Quando è stato eletto Segretario Generale alle Nazioni Unite, ha operato con la profonda convinzione che l’impegno comune per contrastare le criticità globali è fondamentale. E ci ha messo in guardia contro le minacce all’unità dei popoli – l’ignoranza, l’odio e la polarizzazione.  È certamente un vero mediatore di pace. Nella mia regione, il Medio Oriente, il Segretario Generale ha sostenuto con forza le risoluzioni politiche dei conflitti, come la soluzione dei due Stati per il conflitto palestinese-israeliano – unico modo per garantire pace e sicurezza ad entrambe le parti. (...)

I popoli della terra sono stati fortunati due volte con lui: in primo luogo, perché hanno un Segretario Generale delle Nazioni Unite dotato di una saggia visione del mondo ed empatia e, in secondo luogo, perché hanno al proprio fianco un eccezionale difensore dei valori che devono unire gli uomini. Sono fiero di consegnare la Lampada della Pace ad un uomo ed un amico straordinario.(Qui il discorso integrale da confrontare con quello effettivamente pronunciato)


Guterres: La pace rimane la nostra stella cometa e il nostro più prezioso obiettivo. Ci troviamo oggi in questo luogo uniti dal comune desiderio di perseguire la pace. Ci troviamo oggi in questo luogo uniti dal comune desiderio di perseguire la pace. Voglio ringraziare Re Abd Allāh per il suo contributo alla promozione della pace su scala mondiale, elargito attraverso un forte sostegno alle soluzioni internazionali, alla solidarietà, al dialogo e ai diritti umani. Ed esprimo la mia gratitudine a Padre Moroni, al Cardinal Basetti e all'intera comunità francescana, che opera in tutto il mondo nel nome della pace. Mi sento particolarmente legato ai francescani. (...) In quanto persona di fede, con un profondo rispetto e apprezzamento per la missione di San Francesco, questo premio e questa cerimonia significano molto per me. (...) Ho intenzione di utilizzare il mio secondo mandato per portare avanti iniziative di pace, intervenendo come mediatore per costruire ponti e portare un messaggio di speranza. (...) San Francesco d'Assisi era un autentico visionario, la cui idea olistica di pace continua a essere valida oggi quanto lo era ai suoi tempi, ottocento anni fa.
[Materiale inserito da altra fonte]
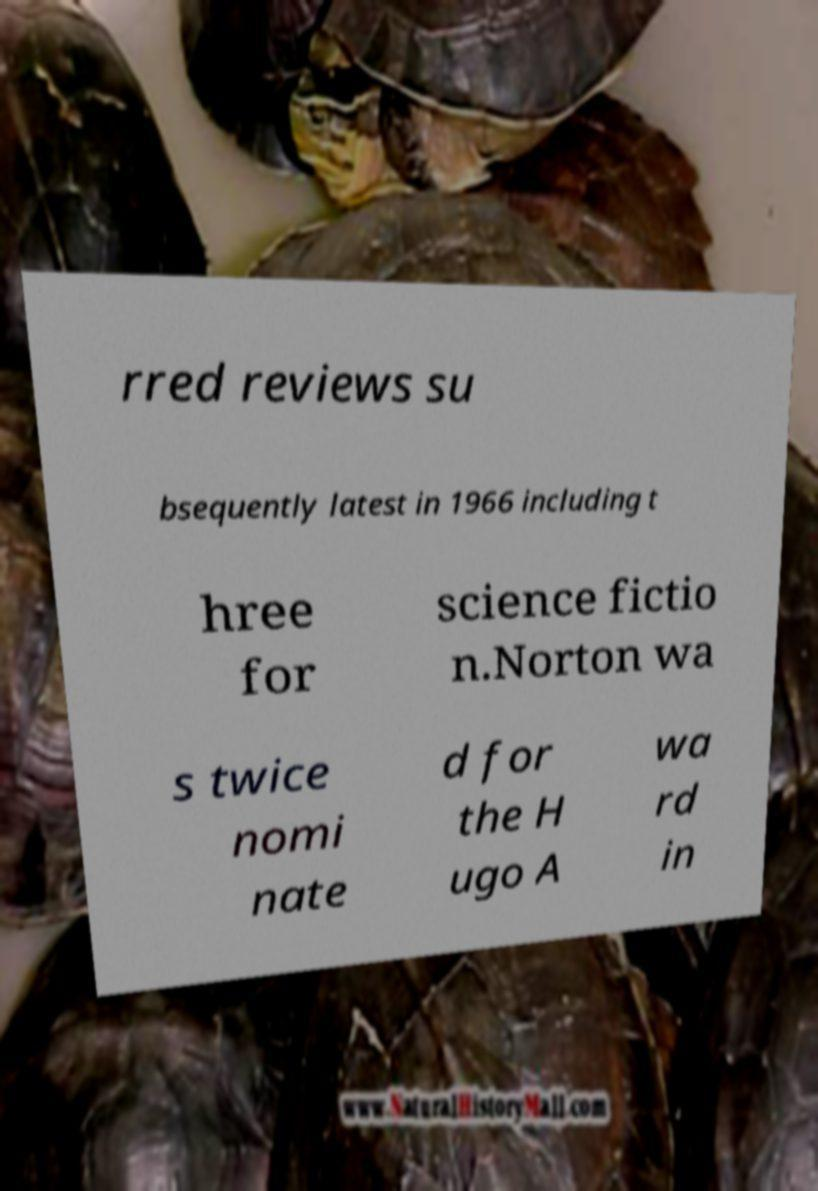Could you extract and type out the text from this image? rred reviews su bsequently latest in 1966 including t hree for science fictio n.Norton wa s twice nomi nate d for the H ugo A wa rd in 
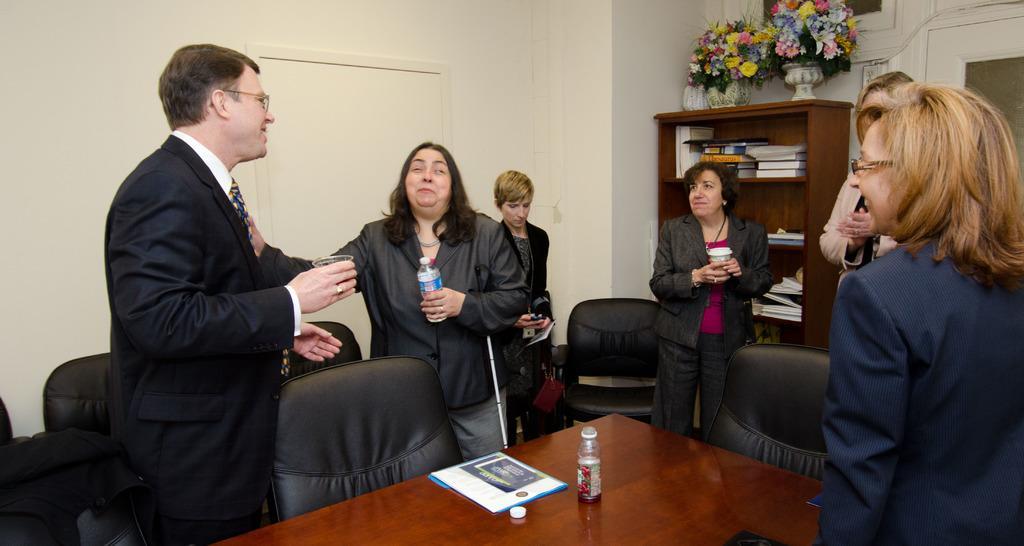Could you give a brief overview of what you see in this image? In this image I can see few people are standing and also I can see smile on few faces. Here I can see chairs and a table. I can also see she is holding a bottle and on this table I can see one more bottle. In the background I can see number of books and few plants.

Il Santo patrono dell'ecologia ha molto da insegnarci a proposito della riconciliazione dell'uomo con la natura. (...)  La guerra che abbiamo dichiarato alla natura sta mettendo in pericolo la vita umana sulla terra, oltre che la vita di molte altre specie animali e vegetali. (...) L'azione per il clima rafforza la pace. (...) È questa la strada per il futuro. (...) San Francesco l'aveva capito: esiste un profondo nesso tra una vita vissuta in armonia con l'ambiente e la pace tra gli uomini. Eccellenze, cari fratelli e sorelle, San Francesco ha precorso i tempi, anche perché ha compreso il legame esistente tra giustizia economica, umiltà e pace.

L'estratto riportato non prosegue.